# Exercise details
Every line of the entries below that includes "each" belongs in the answer, copied as written.

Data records

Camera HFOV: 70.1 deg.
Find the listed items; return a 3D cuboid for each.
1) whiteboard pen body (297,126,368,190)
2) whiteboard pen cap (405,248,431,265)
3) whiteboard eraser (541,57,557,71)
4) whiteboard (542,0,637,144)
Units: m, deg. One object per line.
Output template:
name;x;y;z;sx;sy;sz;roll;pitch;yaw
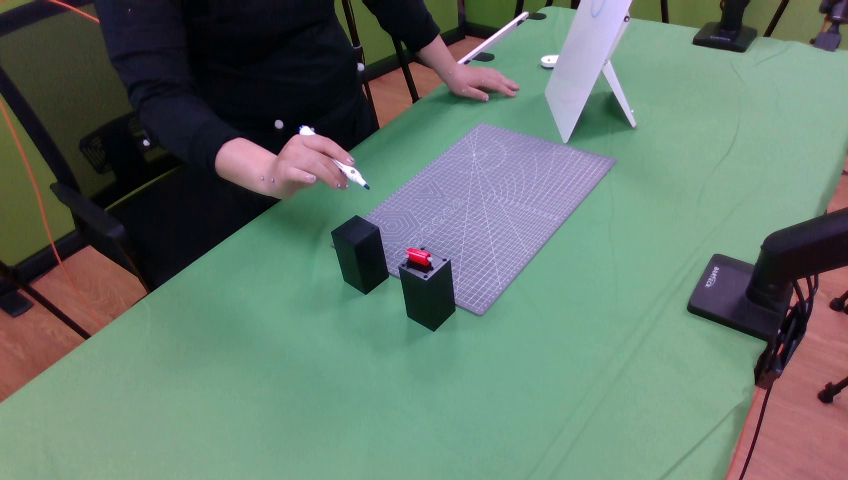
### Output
whiteboard pen body;-0.120;-0.107;0.795;0.017;0.017;0.139;-35;64;-29
whiteboard pen cap;-0.008;0.021;0.794;0.032;0.017;0.017;17;46;29
whiteboard eraser;0.323;-0.412;1.407;0.101;0.019;0.041;1;42;11
whiteboard;0.366;-0.351;1.160;0.144;0.305;0.216;10;39;-10
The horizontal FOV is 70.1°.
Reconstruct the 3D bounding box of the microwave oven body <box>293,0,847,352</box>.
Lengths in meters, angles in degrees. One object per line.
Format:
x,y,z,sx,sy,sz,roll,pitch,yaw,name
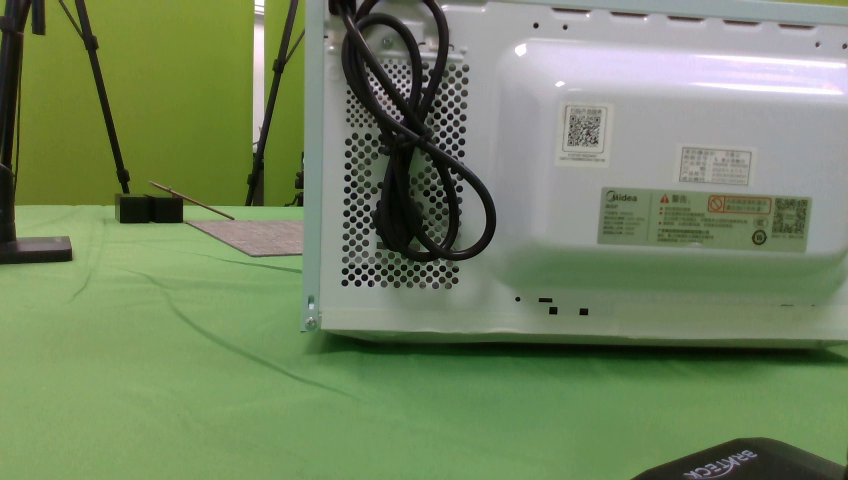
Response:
0.122,-0.055,0.550,0.442,0.260,0.325,3,7,-5,microwave oven body

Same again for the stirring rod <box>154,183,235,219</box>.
-0.472,-0.079,1.252,0.177,0.006,0.014,27,4,-35,stirring rod

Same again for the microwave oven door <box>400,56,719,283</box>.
0.155,-0.077,0.698,0.356,0.243,0.039,2,8,-5,microwave oven door

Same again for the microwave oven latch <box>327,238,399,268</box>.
-0.069,0.015,0.694,0.079,0.029,0.030,3,7,-3,microwave oven latch
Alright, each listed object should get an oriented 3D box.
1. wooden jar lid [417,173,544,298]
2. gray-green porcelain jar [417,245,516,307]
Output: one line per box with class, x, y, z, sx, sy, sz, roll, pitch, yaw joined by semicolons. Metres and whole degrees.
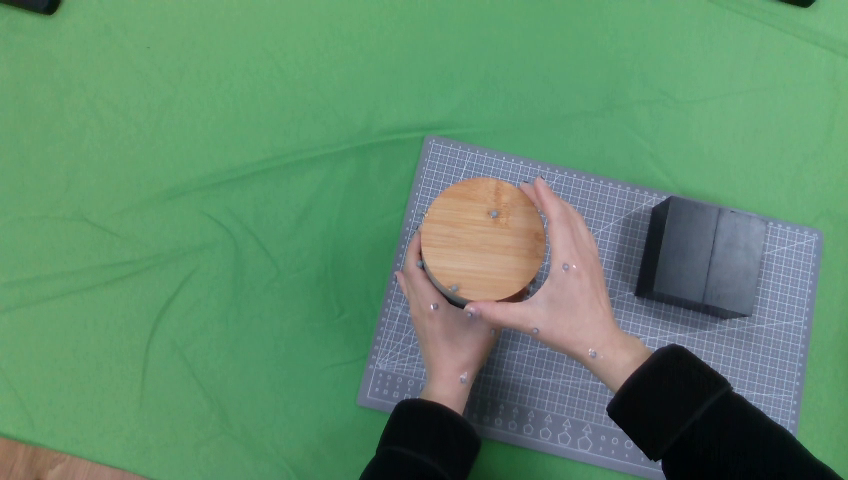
wooden jar lid;0.048;-0.003;0.523;0.108;0.021;0.108;0;83;-3
gray-green porcelain jar;0.046;0.010;0.584;0.106;0.127;0.105;1;80;-3
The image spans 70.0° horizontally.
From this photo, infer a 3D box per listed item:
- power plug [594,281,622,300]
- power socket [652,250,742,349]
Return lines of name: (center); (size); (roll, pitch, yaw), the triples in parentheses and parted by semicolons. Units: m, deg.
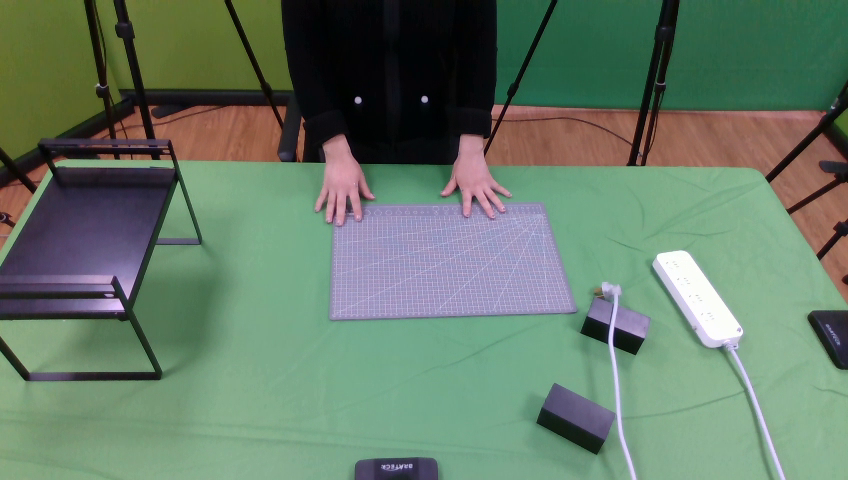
power plug: (0.331, 0.093, 1.106); (0.052, 0.073, 0.035); (-17, 82, 28)
power socket: (0.502, 0.104, 1.127); (0.072, 0.033, 0.225); (-8, 48, -10)
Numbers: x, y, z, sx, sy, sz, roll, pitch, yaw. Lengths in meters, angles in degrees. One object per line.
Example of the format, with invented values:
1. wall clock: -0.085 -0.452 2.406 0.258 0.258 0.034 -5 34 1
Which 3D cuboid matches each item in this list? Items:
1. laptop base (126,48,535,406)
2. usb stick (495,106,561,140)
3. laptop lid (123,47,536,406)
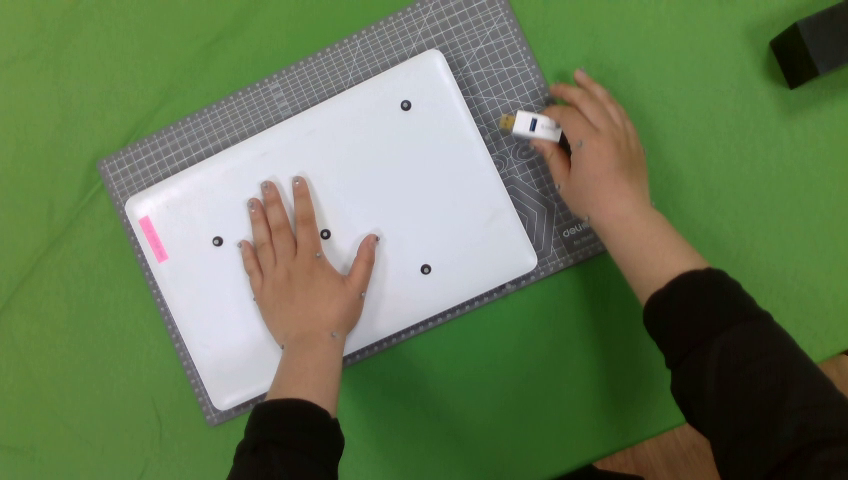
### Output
1. laptop base: -0.097 -0.010 0.601 0.354 0.023 0.235 -25 91 5
2. usb stick: 0.095 -0.110 0.564 0.059 0.027 0.021 13 95 6
3. laptop lid: -0.097 -0.008 0.590 0.356 0.013 0.241 -24 91 5

# Answer to this exercise
Find the listed items; return a 3D cuboid for each.
Alright, each listed object should get an oriented 3D box.
Which 3D cuboid matches each item in this list? Items:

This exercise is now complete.